Ayers v. Belmontes - Opinion Announcement
Argument of Speaker
Mr. Speaker: Justice Kennedy has the opinion of the court in 05-493, Ayers v. Belmontes.
Argument of Justice Kennedy
Mr. Kennedy: This is the third time the court has considered the constitutionality of the particular jury instruction formally used, is no longer used and the instruction formerly used by California in capital cases.
The case concerns the jury instruction known as “factor (k)”.
Now, the previous cases in this court addressing factor (k) were Boyde v. California and Brown v. Payton.
In Payton the limiting provisions of the Antiterrorism and Effective Death Penalty Act (AEDPA) applied and when the court reviewed the “factor (k)” instruction in Payton and referred to the limitations that AEDPA imposes on federal Habeas Corpus review.

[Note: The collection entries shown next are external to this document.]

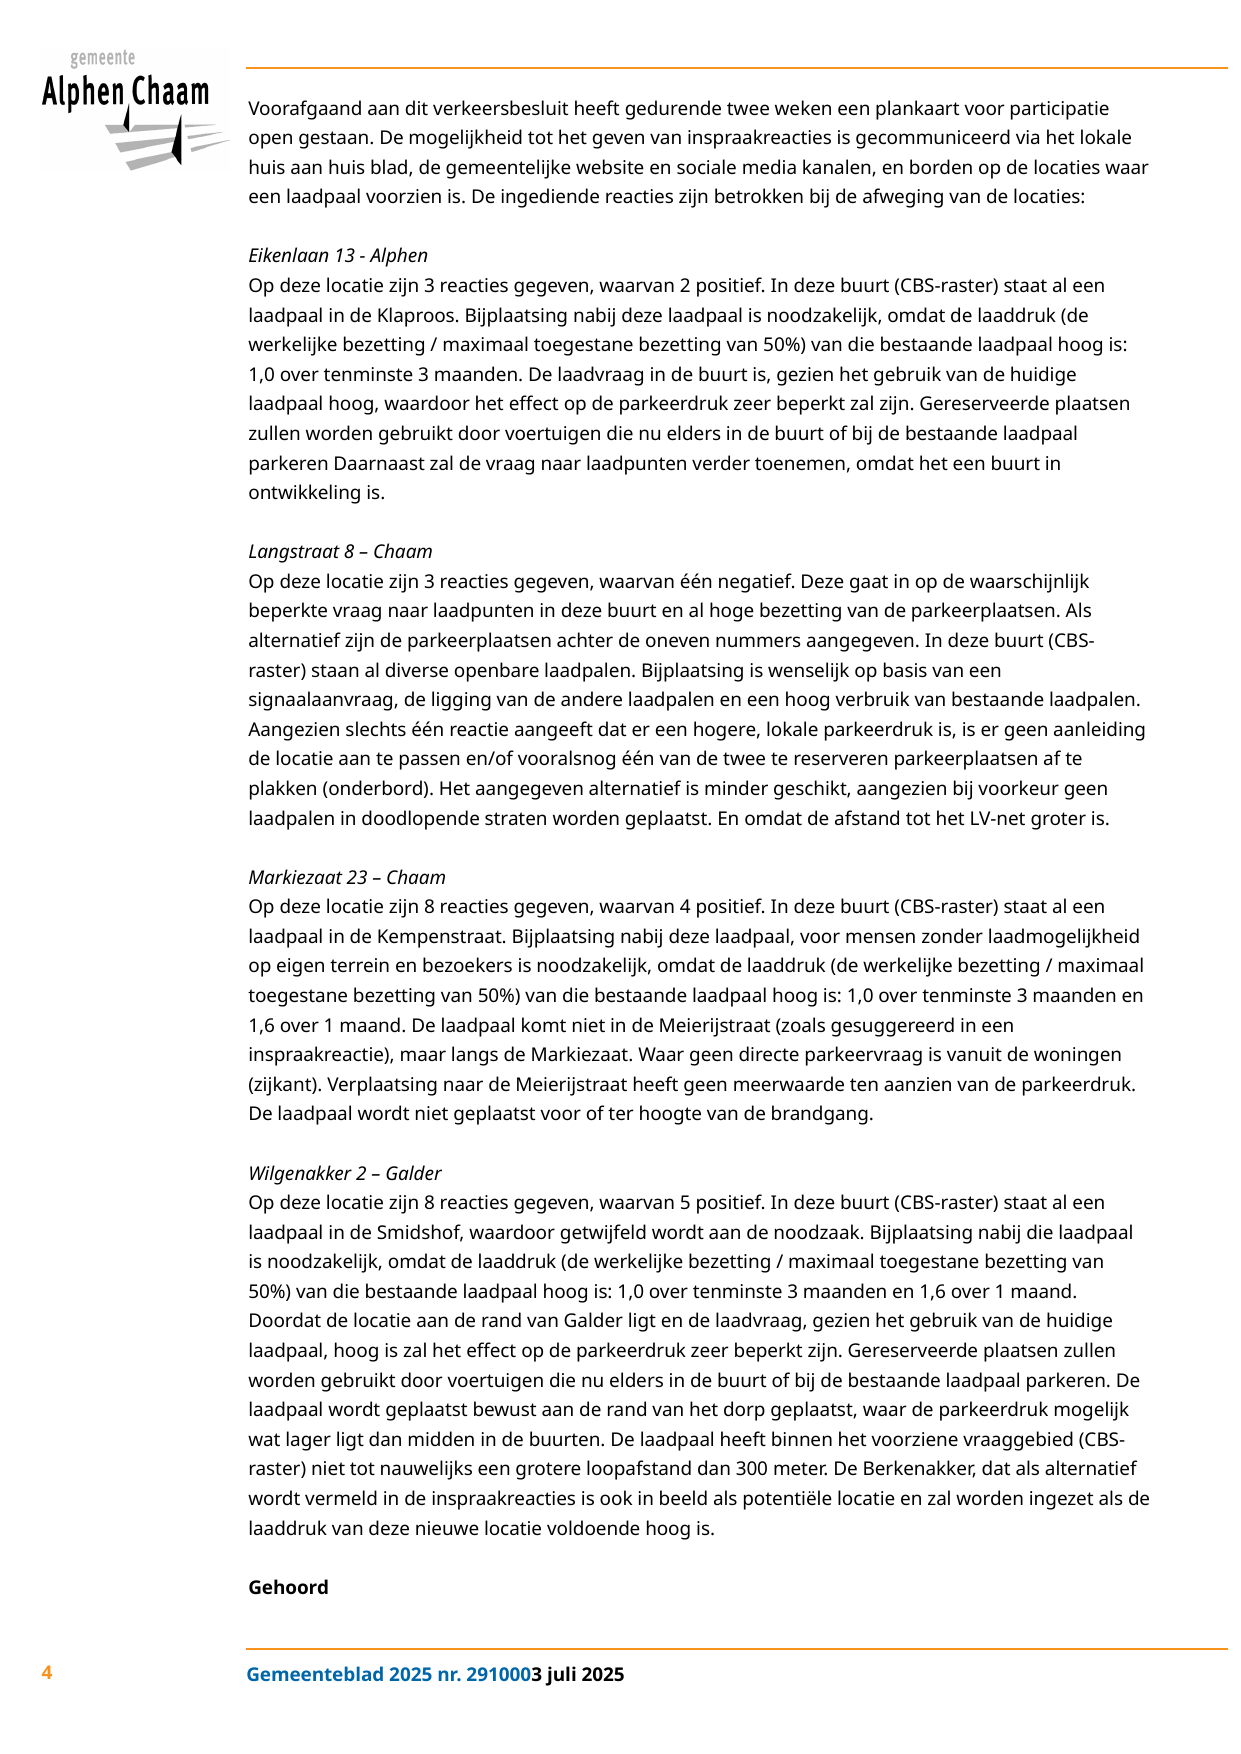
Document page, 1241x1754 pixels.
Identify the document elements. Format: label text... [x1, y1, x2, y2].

text Op deze locatie zijn 8 reacties gegeven, waarvan 4 positief. In deze buurt (CBS-raster) staat al een laadpaal in de Kempenstraat. Bijplaatsing nabij deze laadpaal, voor mensen zonder laadmogelijkheid op eigen terrein en bezoekers is noodzakelijk, omdat de laaddruk (de werkelijke bezetting / maximaal toegestane bezetting van 50%) van die bestaande laadpaal hoog is: 1,0 over tenminste 3 maanden en 1,6 over 1 maand. De laadpaal komt niet in de Meierijstraat (zoals gesuggereerd in een inspraakreactie), maar langs de Markiezaat. Waar geen directe parkeervraag is vanuit de woningen (zijkant). Verplaatsing naar de Meierijstraat heeft geen meerwaarde ten aanzien van de parkeerdruk. De laadpaal wordt niet geplaatst voor of ter hoogte van de brandgang. [248, 893, 1152, 1126]
text Voorafgaand aan dit verkeersbesluit heeft gedurende twee weken een plankaart voor participatie open gestaan. De mogelijkheid tot het geven van inspraakreacties is gecommuniceerd via het lokale huis aan huis blad, de gemeentelijke website en sociale media kanalen, en borden op de locaties waar een laadpaal voorzien is. De ingediende reacties zijn betrokken bij de afweging van de locaties: [248, 95, 1152, 209]
text Op deze locatie zijn 3 reacties gegeven, waarvan één negatief. Deze gaat in op de waarschijnlijk beperkte vraag naar laadpunten in deze buurt en al hoge bezetting van de parkeerplaatsen. Als alternatief zijn de parkeerplaatsen achter de oneven nummers aangegeven. In deze buurt (CBS-raster) staan al diverse openbare laadpalen. Bijplaatsing is wenselijk op basis van een signaalaanvraag, de ligging van de andere laadpalen en een hoog verbruik van bestaande laadpalen. Aangezien slechts één reactie aangeeft dat er een hogere, lokale parkeerdruk is, is er geen aanleiding de locatie aan te passen en/of vooralsnog één van de twee te reserveren parkeerplaatsen af te plakken (onderbord). Het aangegeven alternatief is minder geschikt, aangezien bij voorkeur geen laadpalen in doodlopende straten worden geplaatst. En omdat de afstand tot het LV-net groter is. [248, 568, 1152, 831]
text Wilgenakker 2 – Galder [248, 1160, 1152, 1186]
text Op deze locatie zijn 3 reacties gegeven, waarvan 2 positief. In deze buurt (CBS-raster) staat al een laadpaal in de Klaproos. Bijplaatsing nabij deze laadpaal is noodzakelijk, omdat de laaddruk (de werkelijke bezetting / maximaal toegestane bezetting van 50%) van die bestaande laadpaal hoog is: 1,0 over tenminste 3 maanden. De laadvraag in de buurt is, gezien het gebruik van de huidige laadpaal hoog, waardoor het effect op de parkeerdruk zeer beperkt zal zijn. Gereserveerde plaatsen zullen worden gebruikt door voertuigen die nu elders in de buurt of bij de bestaande laadpaal parkeren Daarnaast zal de vraag naar laadpunten verder toenemen, omdat het een buurt in ontwikkeling is. [248, 272, 1152, 505]
text Op deze locatie zijn 8 reacties gegeven, waarvan 5 positief. In deze buurt (CBS-raster) staat al een laadpaal in de Smidshof, waardoor getwijfeld wordt aan de noodzaak. Bijplaatsing nabij die laadpaal is noodzakelijk, omdat de laaddruk (de werkelijke bezetting / maximaal toegestane bezetting van 50%) van die bestaande laadpaal hoog is: 1,0 over tenminste 3 maanden en 1,6 over 1 maand. Doordat de locatie aan de rand van Galder ligt en de laadvraag, gezien het gebruik van de huidige laadpaal, hoog is zal het effect op de parkeerdruk zeer beperkt zijn. Gereserveerde plaatsen zullen worden gebruikt door voertuigen die nu elders in de buurt of bij de bestaande laadpaal parkeren. De laadpaal wordt geplaatst bewust aan de rand van het dorp geplaatst, waar de parkeerdruk mogelijk wat lager ligt dan midden in de buurten. De laadpaal heeft binnen het voorziene vraaggebied (CBS-raster) niet tot nauwelijks een grotere loopafstand dan 300 meter. De Berkenakker, dat als alternatief wordt vermeld in de inspraakreacties is ook in beeld als potentiële locatie en zal worden ingezet als de laaddruk van deze nieuwe locatie voldoende hoog is. [248, 1189, 1152, 1541]
picture [41, 47, 231, 172]
text Eikenlaan 13 - Alphen [248, 243, 1152, 268]
text Langstraat 8 – Chaam [248, 538, 1152, 564]
text Markiezaat 23 – Chaam [248, 864, 1152, 890]
text Gehoord [248, 1574, 1152, 1600]

The court in Payton rejected the challenge to the “factor (k)” instruction; in this case AEDPA does not apply.
Hence, it was argued that there should be a more rigorous review here and the factor (k) challenge should be upheld in this case.
It is true that AEDPA is not relevant for today’s case; still however we find much of the reasoning in Payton and in the earlier case Boyde v. California to be applicable here.

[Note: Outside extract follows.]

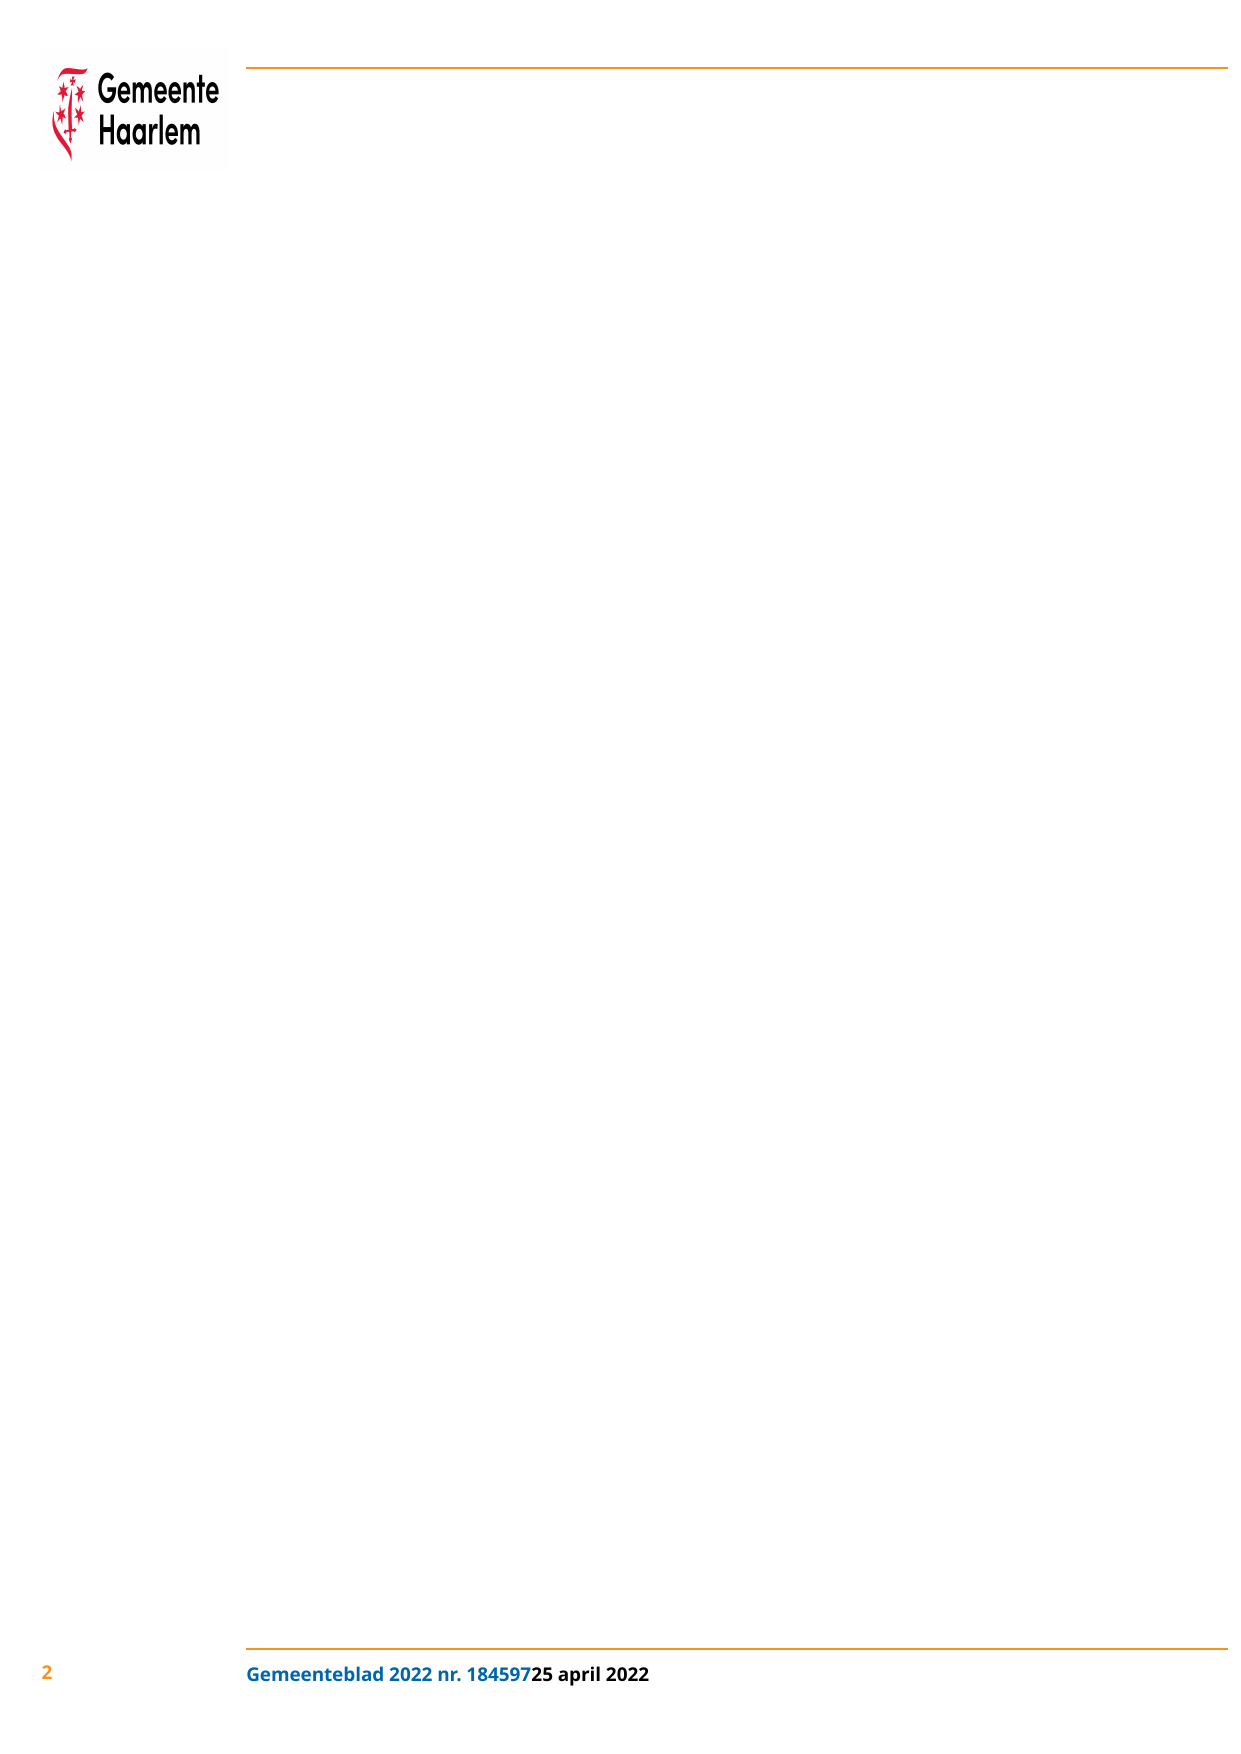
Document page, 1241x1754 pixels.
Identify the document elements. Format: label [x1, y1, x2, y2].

picture [41, 47, 231, 172]

We find no constitutional error in giving the instruction.
In preparation for a burglary Belmontes armed himself with a steel dumbbell bar, when the victim saw him he crushed his skull with it killing her after multiple blows.
In the sentencing phase he is sought to convince the jury that his religious conversion before the crime tended to show he would lead a productive life in prison.
He now contains that this and other arguments about his chances for contributing to prison life could not be given full effect in light of the factor (k) instruction.
The instruction told the jury to consider, “any other circumstance which extends the gravity of the crime even though it is not a legal excuse for the crime.”
That was the instruction given to the jury for evaluating whether Belmontes should receive the death penalty.
The question is whether there is a reasonable likelihood that the jury applied the instruction to prevent consideration of Belmontes mitigating evidence.
As in the two previous cases we hold that the jury was not prevented from considering the argument that future good conduct would tend to make Belmontes less deserving of the death penalty.
Our interpretation of factor (k) is the one most consistent with the evidence presented to the jury; the party’s closing arguments and the other instruction provided by the Trial Court.
We concluded its improbably with the juror’s believe that the parties were engaging in an exercise and futility when respondent presented and both counsel later discussed this mitigating evidence in open court.
Arguments by the prosecution and the defense as well as the respondents own statement assume that the evidence was relevant.
Other instruction from the Trial Court also made it quite impossible that the jury would deem itself foreclosed from considering the respondent’s full case in mitigation.
The Judge told the jury to consider all of the evidence and all of the evidence of course included respondent’s forward looking mitigation case.
The short contrast between the courts instruction on aggravation that only enumerated factors could be considered and its instruction on mitigation, that the listed factors were merely examples further made it clear that the jury was to take a broad view of the mitigating evidence.
Accordingly, we reverse the judgment of the Court of Appeals for the Ninth Circuit.
Justice Scalia has filed a concurring opinion in which Justice Thomas has joined.
Justice Stevens has filed a dissenting opinion in which Justices Souter, Ginsburg and Breyer have joined.